DESCRIPTION OF THE TASK
Exact copy, pictures omitted: the line holding "Task: Point to" and every line after it down to the end of the entries.

-- DATA follows --

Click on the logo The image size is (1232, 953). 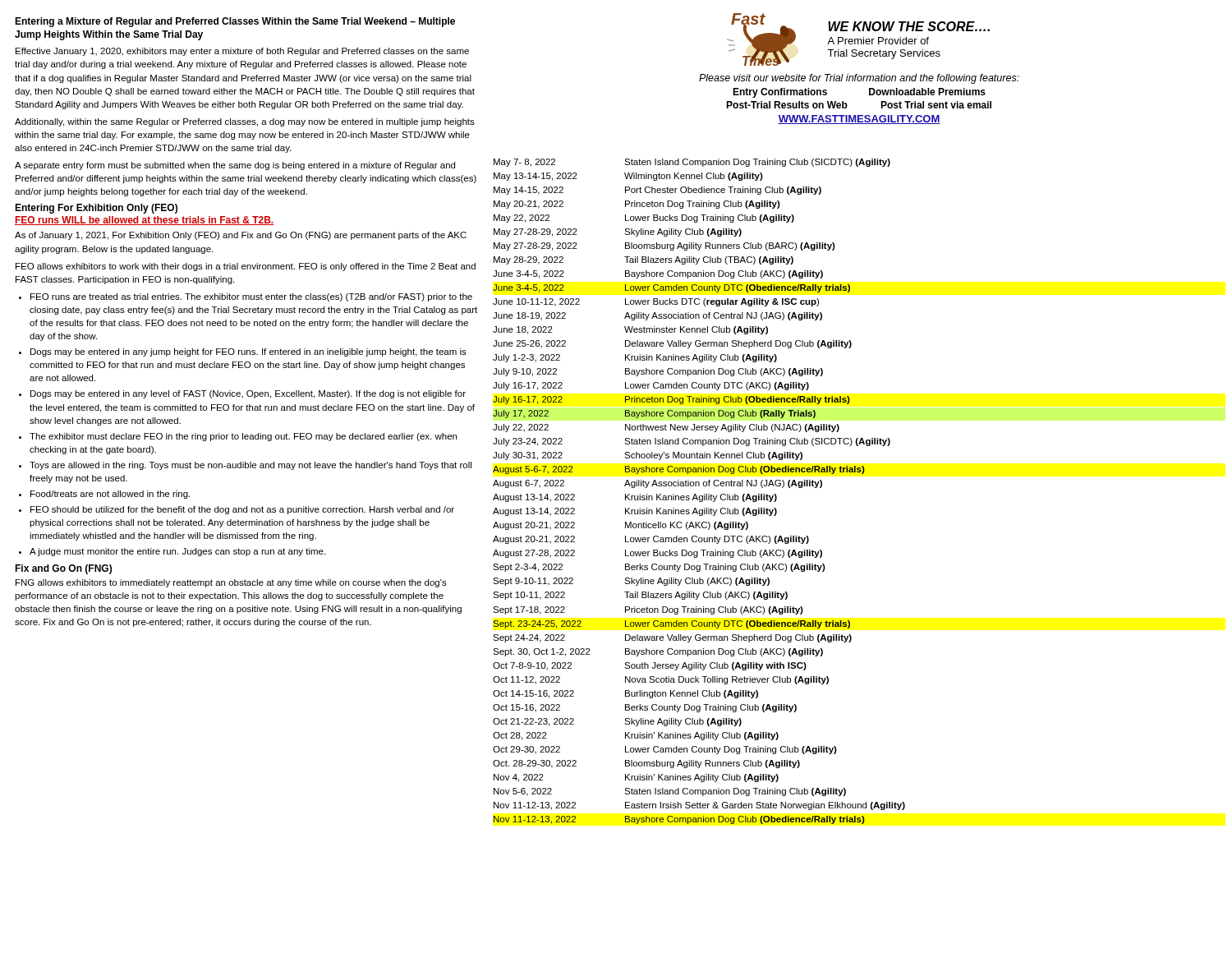point(859,39)
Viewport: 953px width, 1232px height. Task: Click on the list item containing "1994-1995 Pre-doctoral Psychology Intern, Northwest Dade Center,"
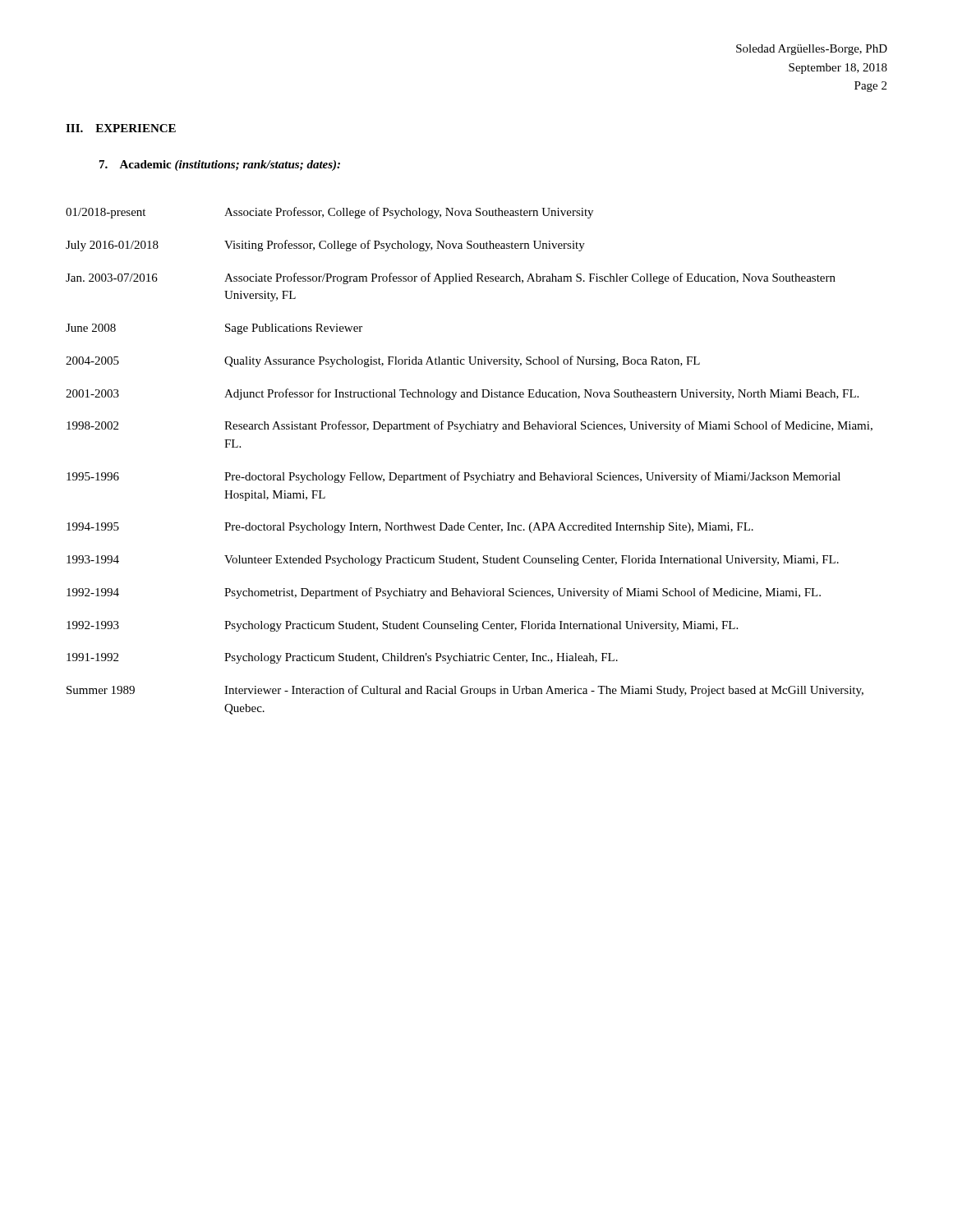[476, 527]
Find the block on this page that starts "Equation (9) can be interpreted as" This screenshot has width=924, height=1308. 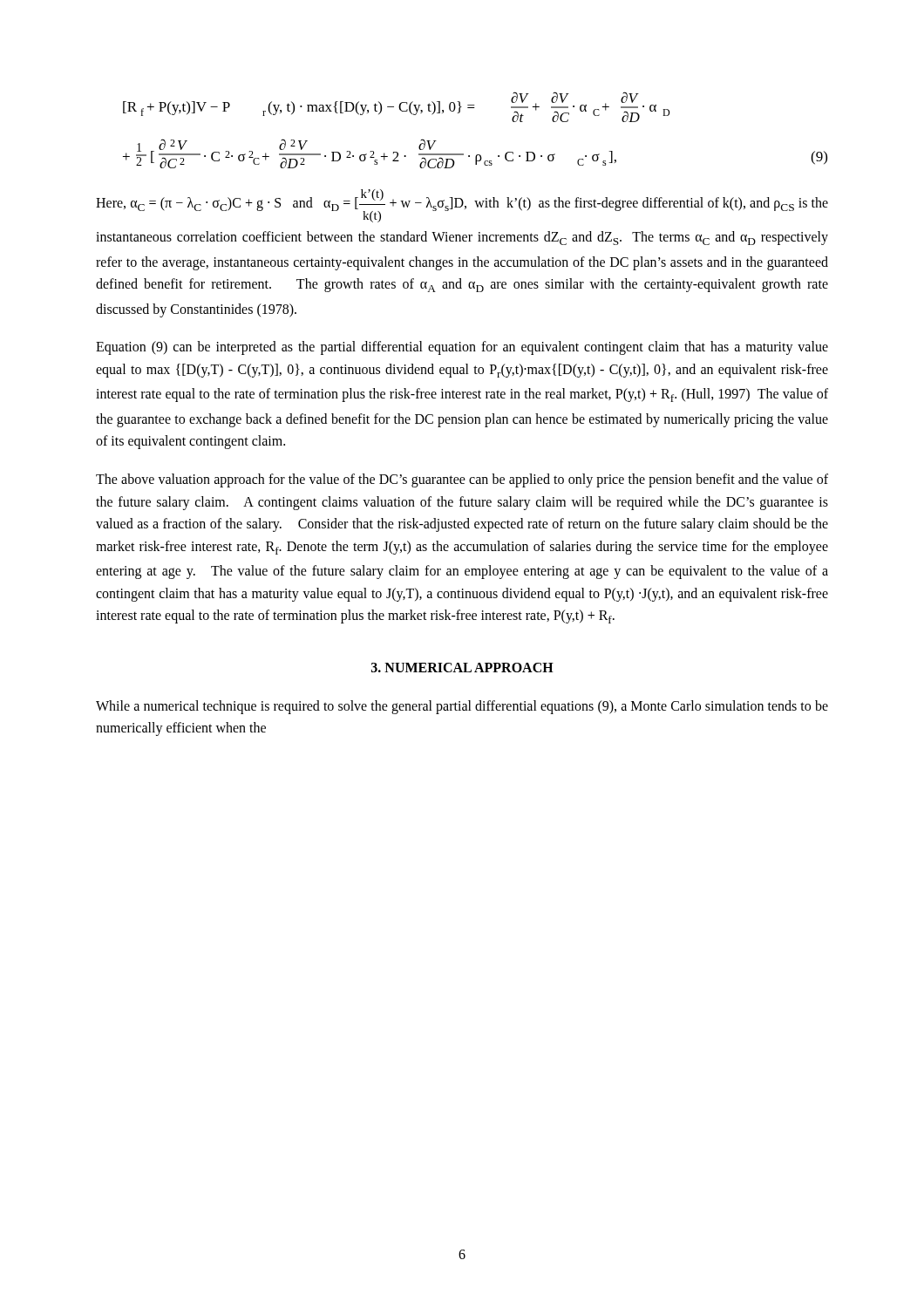click(x=462, y=394)
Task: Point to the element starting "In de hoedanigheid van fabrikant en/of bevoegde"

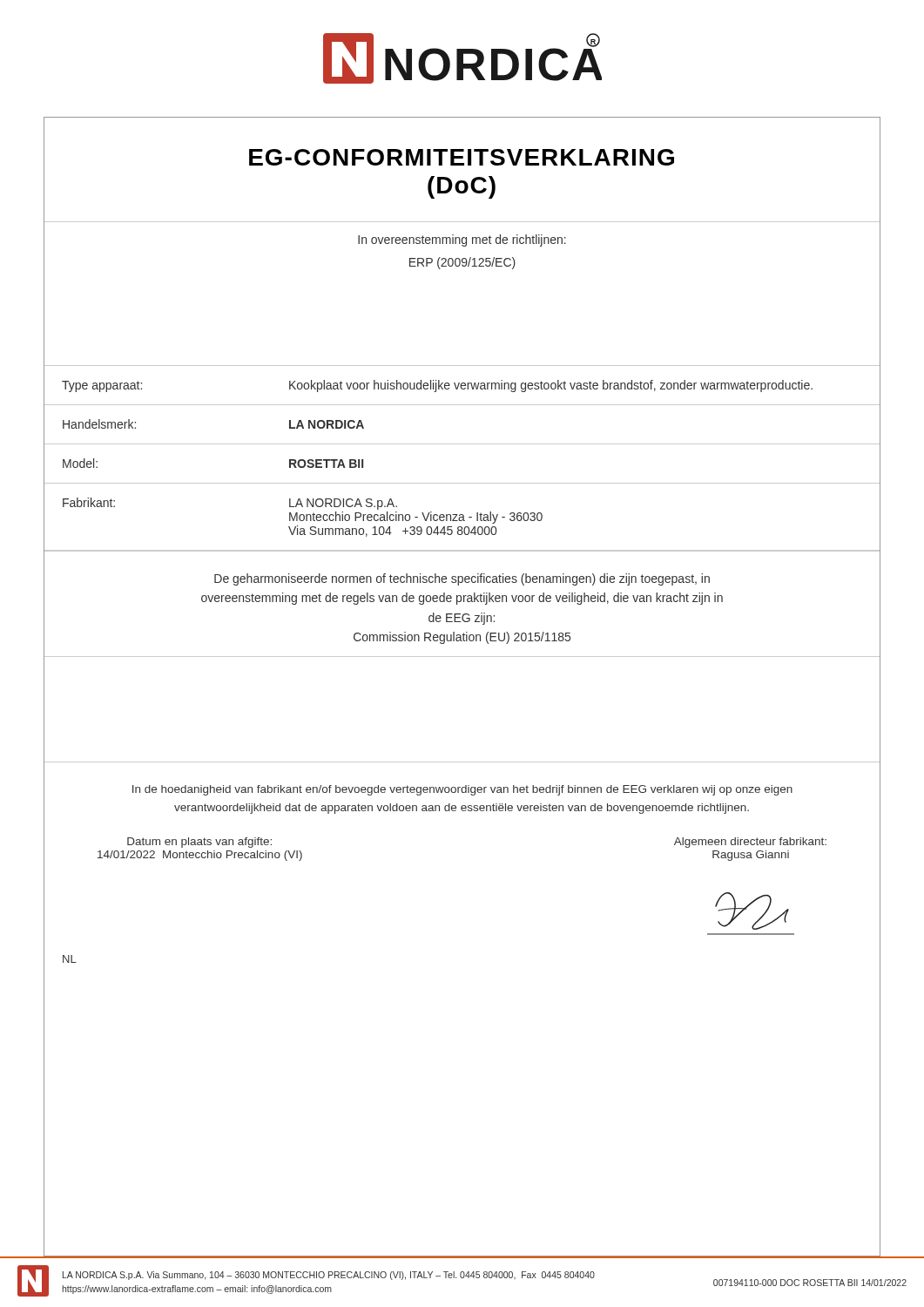Action: 462,798
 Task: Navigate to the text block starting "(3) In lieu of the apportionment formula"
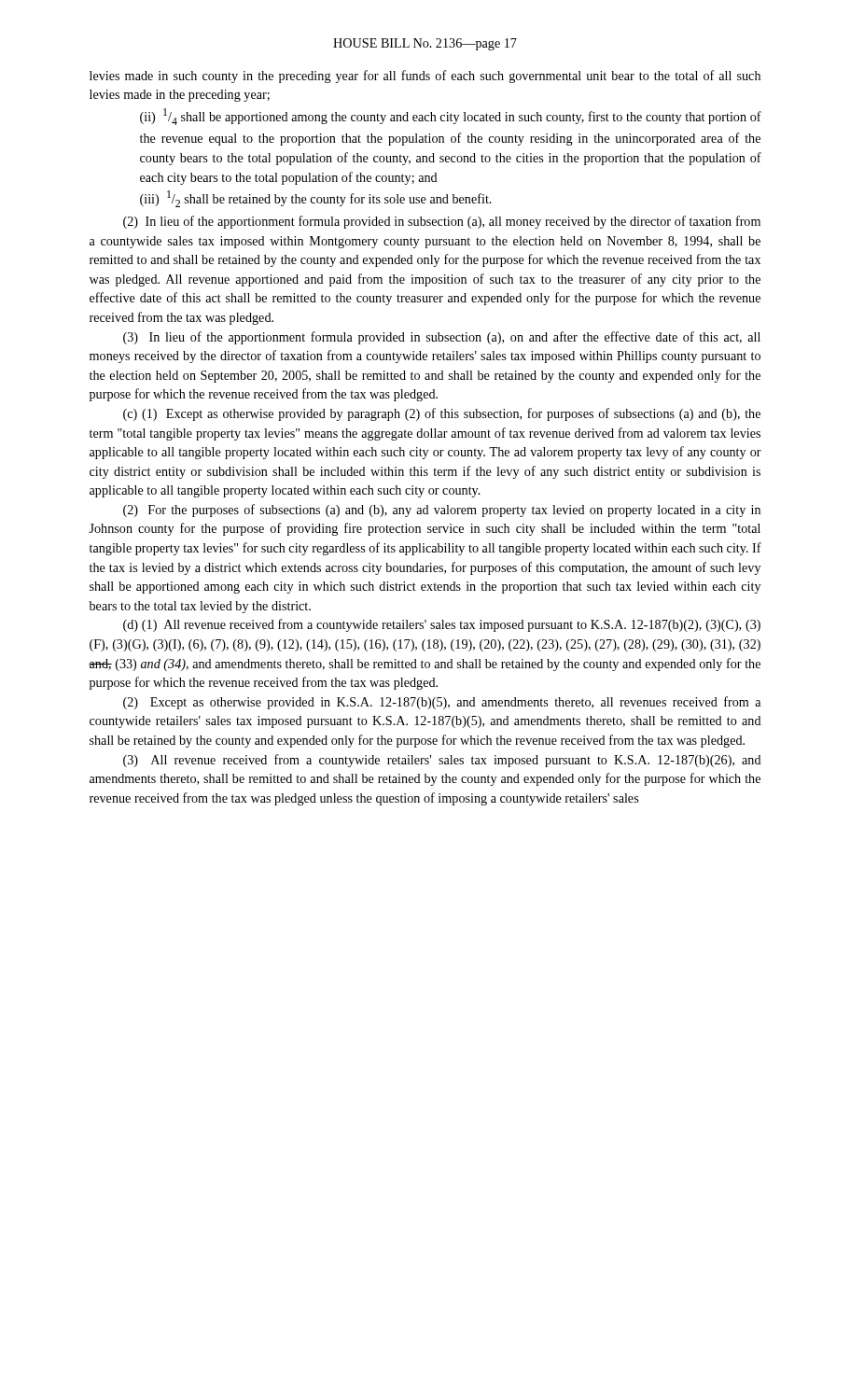pyautogui.click(x=425, y=366)
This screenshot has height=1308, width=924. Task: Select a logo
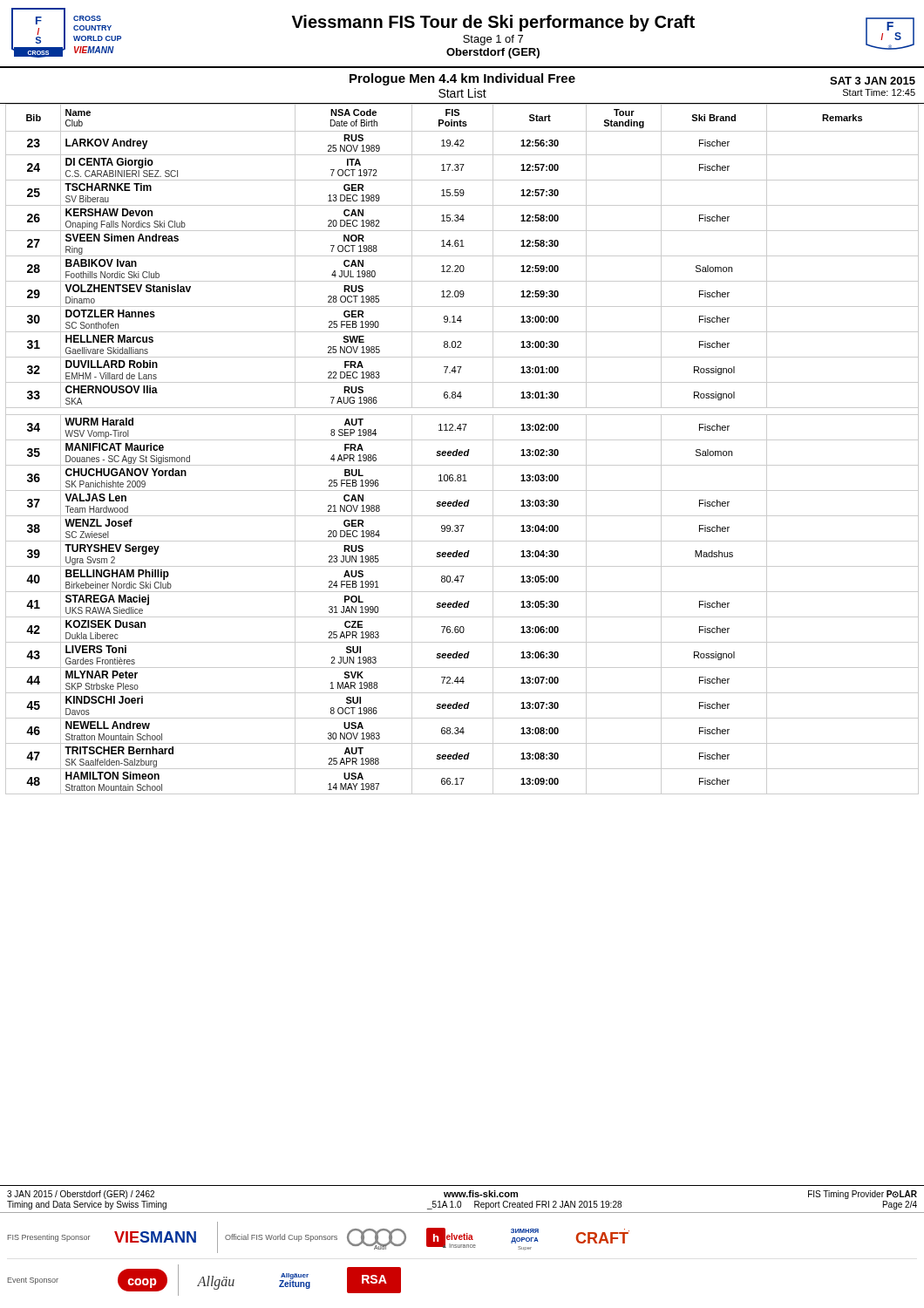tap(462, 1260)
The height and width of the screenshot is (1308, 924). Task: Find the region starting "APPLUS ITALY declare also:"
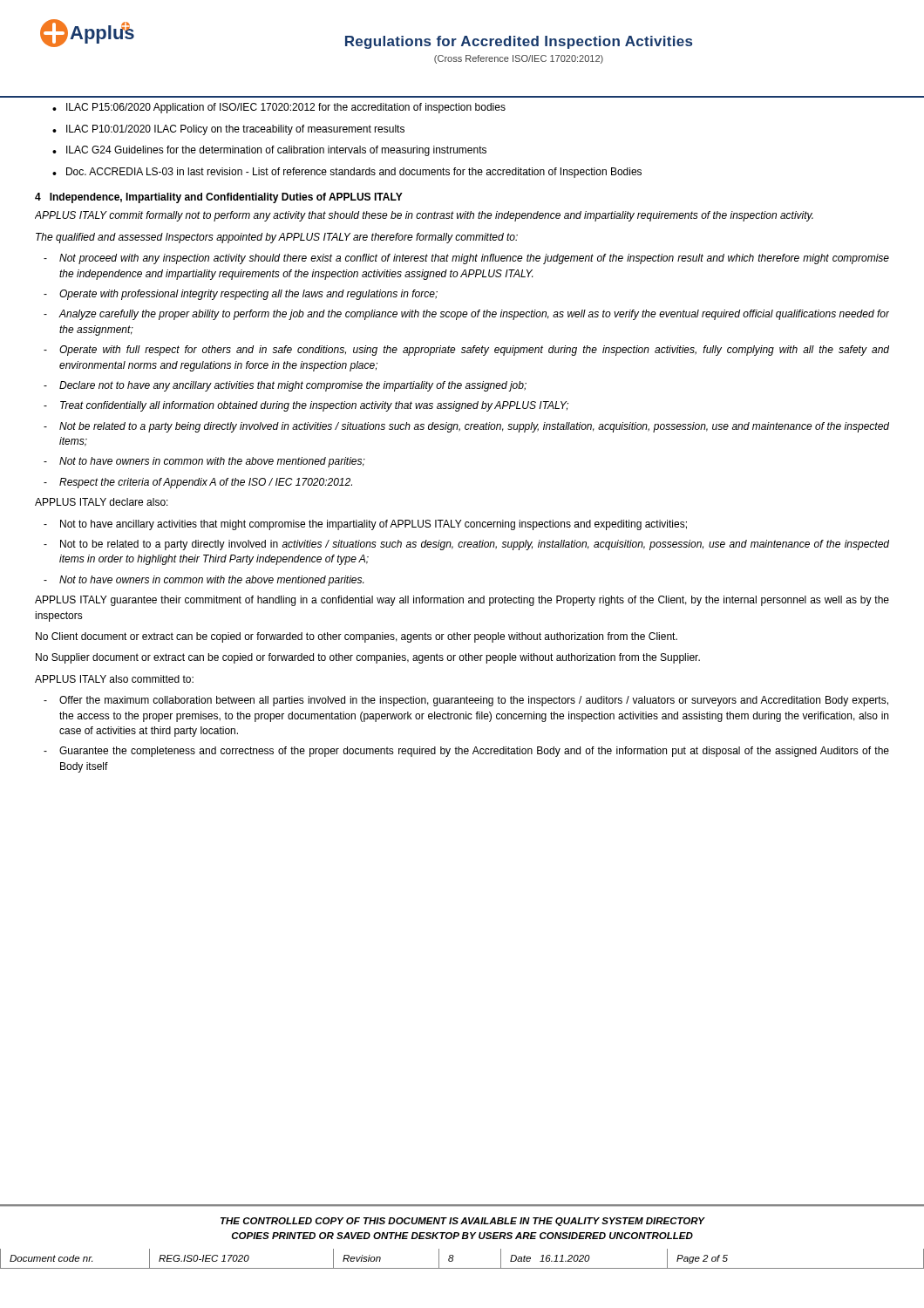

-- DATA concluded --

EXERCISE ANSWER
Task: Point to the element starting "In de hoedanigheid van fabrikant en/of bevoegde"

Action: 462,798
 Task: Navigate to the text block starting "(3) In lieu of the apportionment formula"
pyautogui.click(x=425, y=366)
This screenshot has height=1308, width=924. Task: Select a logo
tap(462, 1260)
The height and width of the screenshot is (1308, 924). Task: Find the region starting "APPLUS ITALY declare also:"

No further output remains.